** WHAT THE EXERCISE ASKS **
Count how many lines of the data include the string "gain", then say that number and stop.

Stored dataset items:
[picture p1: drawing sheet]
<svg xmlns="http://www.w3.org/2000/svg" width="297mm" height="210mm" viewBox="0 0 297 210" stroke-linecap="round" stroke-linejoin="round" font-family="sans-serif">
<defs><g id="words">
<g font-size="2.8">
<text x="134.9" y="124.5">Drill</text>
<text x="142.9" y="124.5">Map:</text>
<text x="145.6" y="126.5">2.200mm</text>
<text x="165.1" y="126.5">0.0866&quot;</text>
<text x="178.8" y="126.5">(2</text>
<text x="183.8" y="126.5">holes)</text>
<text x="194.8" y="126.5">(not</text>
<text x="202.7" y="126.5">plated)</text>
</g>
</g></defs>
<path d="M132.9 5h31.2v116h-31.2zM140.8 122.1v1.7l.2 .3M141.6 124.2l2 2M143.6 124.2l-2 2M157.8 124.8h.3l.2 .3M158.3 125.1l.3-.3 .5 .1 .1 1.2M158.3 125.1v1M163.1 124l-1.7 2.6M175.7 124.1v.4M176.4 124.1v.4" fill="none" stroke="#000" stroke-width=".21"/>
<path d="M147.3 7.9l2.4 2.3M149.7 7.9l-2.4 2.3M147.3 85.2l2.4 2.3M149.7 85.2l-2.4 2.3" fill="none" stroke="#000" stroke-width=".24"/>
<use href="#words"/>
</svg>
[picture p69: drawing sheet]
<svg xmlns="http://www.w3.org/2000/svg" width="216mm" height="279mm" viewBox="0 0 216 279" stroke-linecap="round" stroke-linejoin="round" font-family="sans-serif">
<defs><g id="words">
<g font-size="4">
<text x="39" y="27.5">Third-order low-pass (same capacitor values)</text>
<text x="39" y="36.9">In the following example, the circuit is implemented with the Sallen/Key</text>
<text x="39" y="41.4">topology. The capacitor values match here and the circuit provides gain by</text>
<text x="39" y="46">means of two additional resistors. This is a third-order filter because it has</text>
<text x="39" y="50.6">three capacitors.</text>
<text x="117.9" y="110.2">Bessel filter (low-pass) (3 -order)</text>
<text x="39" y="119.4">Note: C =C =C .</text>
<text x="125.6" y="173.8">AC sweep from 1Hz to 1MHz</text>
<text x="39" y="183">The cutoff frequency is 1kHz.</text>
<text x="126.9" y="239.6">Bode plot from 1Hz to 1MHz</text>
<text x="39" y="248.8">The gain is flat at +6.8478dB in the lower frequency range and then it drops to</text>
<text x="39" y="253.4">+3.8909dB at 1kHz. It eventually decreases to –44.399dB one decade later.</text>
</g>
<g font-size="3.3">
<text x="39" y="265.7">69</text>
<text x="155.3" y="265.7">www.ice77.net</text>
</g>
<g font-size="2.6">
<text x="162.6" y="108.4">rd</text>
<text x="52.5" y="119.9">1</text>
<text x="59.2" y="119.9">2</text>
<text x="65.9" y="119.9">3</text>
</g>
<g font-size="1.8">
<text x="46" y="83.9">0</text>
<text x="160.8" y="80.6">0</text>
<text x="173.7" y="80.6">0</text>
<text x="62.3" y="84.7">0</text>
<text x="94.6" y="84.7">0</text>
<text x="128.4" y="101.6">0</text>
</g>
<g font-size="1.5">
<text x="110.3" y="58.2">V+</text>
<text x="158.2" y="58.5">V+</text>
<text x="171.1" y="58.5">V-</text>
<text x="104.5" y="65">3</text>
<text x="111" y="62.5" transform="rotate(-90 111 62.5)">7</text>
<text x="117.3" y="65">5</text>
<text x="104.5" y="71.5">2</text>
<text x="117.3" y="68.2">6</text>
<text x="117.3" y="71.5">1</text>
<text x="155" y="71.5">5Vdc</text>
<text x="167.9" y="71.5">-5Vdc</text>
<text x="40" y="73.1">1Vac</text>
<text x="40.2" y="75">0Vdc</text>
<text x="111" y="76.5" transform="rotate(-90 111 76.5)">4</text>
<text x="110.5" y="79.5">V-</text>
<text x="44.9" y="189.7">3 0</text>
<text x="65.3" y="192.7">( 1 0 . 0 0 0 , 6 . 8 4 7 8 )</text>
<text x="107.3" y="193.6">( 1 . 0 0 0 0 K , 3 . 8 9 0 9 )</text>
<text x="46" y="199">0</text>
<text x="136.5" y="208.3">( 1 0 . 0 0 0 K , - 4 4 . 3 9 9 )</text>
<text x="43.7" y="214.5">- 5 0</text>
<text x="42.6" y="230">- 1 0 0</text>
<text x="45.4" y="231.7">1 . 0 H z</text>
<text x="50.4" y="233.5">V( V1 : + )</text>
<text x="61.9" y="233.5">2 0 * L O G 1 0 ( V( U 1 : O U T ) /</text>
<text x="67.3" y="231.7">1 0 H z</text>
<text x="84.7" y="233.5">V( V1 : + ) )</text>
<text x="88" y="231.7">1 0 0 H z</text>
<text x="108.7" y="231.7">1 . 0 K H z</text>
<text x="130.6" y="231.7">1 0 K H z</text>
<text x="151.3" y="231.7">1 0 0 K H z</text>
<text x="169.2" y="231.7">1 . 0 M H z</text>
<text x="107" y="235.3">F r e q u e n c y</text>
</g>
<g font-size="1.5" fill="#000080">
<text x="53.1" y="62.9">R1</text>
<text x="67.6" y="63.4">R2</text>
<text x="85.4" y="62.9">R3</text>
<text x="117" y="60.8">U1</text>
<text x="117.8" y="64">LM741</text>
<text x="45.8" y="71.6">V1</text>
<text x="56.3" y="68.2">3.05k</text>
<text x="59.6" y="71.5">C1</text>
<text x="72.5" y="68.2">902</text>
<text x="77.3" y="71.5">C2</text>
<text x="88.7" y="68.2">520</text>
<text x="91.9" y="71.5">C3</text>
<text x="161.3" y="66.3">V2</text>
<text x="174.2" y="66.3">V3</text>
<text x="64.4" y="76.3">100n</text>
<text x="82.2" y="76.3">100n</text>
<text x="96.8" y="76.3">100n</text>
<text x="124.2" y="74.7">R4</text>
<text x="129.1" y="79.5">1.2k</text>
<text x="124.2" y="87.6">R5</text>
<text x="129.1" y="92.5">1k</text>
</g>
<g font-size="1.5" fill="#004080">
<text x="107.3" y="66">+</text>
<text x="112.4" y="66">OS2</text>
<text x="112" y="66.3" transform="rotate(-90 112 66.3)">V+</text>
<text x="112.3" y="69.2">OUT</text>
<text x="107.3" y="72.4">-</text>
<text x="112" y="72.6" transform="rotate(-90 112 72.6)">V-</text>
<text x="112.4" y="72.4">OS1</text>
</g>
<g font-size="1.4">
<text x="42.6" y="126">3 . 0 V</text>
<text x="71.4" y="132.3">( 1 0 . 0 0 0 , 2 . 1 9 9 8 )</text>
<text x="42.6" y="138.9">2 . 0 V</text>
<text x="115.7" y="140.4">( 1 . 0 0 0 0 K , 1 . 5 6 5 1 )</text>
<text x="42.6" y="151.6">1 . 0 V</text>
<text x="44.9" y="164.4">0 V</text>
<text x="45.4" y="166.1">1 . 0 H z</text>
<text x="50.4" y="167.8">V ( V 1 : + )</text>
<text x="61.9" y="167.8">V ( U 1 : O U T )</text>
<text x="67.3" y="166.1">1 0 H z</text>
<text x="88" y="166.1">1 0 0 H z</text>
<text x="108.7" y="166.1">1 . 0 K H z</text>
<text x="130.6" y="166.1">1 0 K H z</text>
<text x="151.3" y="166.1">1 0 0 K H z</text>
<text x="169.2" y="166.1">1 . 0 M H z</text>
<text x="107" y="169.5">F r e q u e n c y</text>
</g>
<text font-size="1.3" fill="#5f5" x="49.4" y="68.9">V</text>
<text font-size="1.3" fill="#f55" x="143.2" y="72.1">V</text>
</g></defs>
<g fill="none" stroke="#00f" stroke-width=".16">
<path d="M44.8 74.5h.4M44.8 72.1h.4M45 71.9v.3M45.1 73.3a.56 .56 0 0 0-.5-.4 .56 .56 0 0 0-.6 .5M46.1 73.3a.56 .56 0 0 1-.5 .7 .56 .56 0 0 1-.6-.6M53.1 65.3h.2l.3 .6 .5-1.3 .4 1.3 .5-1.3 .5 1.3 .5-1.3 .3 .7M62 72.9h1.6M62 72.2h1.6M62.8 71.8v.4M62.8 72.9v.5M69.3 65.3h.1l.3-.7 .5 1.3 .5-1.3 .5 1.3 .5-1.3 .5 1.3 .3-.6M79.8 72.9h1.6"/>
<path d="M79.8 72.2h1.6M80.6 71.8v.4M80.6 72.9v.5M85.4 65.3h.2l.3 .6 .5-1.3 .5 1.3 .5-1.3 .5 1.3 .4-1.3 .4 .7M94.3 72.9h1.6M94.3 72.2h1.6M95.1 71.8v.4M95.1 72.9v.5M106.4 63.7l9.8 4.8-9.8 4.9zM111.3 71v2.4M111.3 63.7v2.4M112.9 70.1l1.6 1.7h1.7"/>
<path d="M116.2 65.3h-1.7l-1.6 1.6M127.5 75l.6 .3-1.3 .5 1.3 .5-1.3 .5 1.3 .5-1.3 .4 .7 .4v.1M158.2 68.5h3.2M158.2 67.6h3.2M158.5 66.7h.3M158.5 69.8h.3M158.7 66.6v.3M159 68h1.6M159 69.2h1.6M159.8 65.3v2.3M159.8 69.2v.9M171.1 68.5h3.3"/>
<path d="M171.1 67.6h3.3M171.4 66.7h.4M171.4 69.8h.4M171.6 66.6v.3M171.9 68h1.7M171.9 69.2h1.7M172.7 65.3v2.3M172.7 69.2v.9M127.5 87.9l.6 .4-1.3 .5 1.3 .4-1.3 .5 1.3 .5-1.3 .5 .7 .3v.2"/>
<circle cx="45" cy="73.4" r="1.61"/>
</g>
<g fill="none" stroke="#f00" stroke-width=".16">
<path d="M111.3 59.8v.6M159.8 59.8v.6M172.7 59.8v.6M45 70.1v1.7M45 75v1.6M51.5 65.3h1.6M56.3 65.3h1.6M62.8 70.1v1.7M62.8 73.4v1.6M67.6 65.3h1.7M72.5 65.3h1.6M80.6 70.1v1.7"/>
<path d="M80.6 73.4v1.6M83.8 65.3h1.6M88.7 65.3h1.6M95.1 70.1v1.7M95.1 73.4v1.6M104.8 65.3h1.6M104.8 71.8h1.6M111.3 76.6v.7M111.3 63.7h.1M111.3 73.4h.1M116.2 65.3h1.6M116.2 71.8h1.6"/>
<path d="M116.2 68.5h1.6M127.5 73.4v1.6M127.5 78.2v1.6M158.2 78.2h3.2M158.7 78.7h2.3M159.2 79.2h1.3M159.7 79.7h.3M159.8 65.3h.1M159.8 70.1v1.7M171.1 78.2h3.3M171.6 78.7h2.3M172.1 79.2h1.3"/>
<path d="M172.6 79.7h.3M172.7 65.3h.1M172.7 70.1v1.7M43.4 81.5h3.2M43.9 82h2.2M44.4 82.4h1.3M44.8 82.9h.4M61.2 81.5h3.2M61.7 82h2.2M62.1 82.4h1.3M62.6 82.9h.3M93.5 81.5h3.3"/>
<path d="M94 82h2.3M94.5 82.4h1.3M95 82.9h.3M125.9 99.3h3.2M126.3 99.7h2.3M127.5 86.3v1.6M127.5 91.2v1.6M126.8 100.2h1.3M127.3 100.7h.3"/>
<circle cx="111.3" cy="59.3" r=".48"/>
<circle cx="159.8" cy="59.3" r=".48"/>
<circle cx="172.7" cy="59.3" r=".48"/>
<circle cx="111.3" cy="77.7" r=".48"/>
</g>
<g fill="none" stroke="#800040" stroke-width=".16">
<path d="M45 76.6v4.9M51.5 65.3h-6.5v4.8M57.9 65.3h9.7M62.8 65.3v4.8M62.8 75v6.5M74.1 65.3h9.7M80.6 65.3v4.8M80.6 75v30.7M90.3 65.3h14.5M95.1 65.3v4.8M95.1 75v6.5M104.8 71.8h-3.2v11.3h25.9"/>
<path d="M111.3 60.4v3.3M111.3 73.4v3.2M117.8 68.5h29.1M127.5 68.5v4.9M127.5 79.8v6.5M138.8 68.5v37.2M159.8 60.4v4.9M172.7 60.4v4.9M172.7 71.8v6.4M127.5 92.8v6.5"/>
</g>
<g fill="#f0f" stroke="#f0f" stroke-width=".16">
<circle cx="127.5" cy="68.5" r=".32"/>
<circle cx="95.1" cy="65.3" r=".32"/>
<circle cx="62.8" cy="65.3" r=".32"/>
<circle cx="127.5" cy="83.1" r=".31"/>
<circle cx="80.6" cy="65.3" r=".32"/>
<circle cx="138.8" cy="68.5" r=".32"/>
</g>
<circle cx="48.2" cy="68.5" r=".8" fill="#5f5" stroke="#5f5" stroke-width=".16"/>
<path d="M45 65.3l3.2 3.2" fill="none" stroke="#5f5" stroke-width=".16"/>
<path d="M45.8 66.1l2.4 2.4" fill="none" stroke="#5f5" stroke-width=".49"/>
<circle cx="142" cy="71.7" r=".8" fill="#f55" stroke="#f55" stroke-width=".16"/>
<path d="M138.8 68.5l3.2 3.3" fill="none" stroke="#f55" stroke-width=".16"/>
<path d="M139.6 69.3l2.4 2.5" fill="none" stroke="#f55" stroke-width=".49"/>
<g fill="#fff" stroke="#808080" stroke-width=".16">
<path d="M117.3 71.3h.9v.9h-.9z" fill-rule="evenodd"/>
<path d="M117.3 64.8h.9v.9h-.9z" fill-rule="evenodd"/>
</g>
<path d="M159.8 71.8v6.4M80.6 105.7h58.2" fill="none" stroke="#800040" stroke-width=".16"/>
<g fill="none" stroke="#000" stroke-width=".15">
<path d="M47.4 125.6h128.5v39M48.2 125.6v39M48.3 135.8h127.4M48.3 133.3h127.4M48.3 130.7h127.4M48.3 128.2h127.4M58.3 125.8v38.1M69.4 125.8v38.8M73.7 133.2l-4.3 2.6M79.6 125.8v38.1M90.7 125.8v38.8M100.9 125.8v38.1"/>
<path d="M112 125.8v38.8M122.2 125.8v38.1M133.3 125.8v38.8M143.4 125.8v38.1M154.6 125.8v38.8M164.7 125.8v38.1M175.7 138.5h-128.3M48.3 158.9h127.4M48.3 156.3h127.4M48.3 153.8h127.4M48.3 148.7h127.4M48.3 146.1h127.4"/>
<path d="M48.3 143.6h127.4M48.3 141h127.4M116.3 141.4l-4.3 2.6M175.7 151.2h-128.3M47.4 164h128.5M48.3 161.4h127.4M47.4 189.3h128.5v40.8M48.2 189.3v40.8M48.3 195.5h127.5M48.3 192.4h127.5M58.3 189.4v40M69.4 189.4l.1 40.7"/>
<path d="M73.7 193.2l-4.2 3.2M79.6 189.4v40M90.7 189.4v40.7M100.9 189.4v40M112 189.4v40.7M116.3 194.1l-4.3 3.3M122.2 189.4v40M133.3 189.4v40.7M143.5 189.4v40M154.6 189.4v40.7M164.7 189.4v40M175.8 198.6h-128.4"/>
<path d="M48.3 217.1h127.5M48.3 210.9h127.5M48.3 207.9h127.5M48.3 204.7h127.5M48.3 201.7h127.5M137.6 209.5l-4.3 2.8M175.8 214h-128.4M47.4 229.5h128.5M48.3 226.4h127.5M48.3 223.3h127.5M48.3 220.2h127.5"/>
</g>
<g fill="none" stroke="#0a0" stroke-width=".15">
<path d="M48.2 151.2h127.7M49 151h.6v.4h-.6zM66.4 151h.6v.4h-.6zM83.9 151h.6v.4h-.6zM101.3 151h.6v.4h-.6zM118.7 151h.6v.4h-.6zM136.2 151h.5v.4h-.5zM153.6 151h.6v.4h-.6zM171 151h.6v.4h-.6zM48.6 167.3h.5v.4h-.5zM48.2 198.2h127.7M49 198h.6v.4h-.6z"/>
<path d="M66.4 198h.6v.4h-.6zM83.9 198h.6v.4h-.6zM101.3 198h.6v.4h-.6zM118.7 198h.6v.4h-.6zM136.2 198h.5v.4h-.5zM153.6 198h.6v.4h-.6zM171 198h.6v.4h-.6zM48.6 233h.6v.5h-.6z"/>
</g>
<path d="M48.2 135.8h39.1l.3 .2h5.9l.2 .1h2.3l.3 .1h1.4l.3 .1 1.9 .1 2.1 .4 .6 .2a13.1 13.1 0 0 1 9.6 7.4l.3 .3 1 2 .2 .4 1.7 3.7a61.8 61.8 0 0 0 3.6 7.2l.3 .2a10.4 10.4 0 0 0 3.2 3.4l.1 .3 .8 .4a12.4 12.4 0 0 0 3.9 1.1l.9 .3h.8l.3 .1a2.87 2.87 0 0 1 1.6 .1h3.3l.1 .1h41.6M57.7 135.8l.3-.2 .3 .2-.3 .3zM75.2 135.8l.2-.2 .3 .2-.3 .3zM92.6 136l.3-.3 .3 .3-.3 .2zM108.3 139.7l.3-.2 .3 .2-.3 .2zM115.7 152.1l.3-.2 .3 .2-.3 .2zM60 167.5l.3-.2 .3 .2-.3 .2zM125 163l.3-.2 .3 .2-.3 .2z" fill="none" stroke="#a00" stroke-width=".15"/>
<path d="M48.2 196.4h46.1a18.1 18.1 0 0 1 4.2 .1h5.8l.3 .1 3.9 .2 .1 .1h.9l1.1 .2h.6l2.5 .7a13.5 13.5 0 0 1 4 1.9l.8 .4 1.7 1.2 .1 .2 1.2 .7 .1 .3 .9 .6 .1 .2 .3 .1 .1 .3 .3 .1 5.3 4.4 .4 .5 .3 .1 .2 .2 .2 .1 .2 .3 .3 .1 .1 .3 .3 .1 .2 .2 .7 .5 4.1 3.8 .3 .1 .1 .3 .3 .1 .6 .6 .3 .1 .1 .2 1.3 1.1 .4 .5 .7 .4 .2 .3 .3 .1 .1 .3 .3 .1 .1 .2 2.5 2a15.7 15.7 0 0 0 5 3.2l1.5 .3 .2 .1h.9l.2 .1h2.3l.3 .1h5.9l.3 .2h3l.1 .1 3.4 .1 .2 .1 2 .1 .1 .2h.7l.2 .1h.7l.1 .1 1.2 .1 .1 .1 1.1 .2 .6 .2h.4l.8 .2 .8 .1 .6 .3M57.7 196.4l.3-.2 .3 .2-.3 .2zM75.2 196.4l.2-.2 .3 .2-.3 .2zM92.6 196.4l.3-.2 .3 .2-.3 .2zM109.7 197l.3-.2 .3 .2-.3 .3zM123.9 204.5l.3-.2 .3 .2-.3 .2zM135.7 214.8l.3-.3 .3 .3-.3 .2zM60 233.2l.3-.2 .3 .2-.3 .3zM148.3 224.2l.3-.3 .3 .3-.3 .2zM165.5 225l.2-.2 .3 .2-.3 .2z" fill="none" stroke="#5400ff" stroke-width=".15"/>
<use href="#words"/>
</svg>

** SOLUTION **
2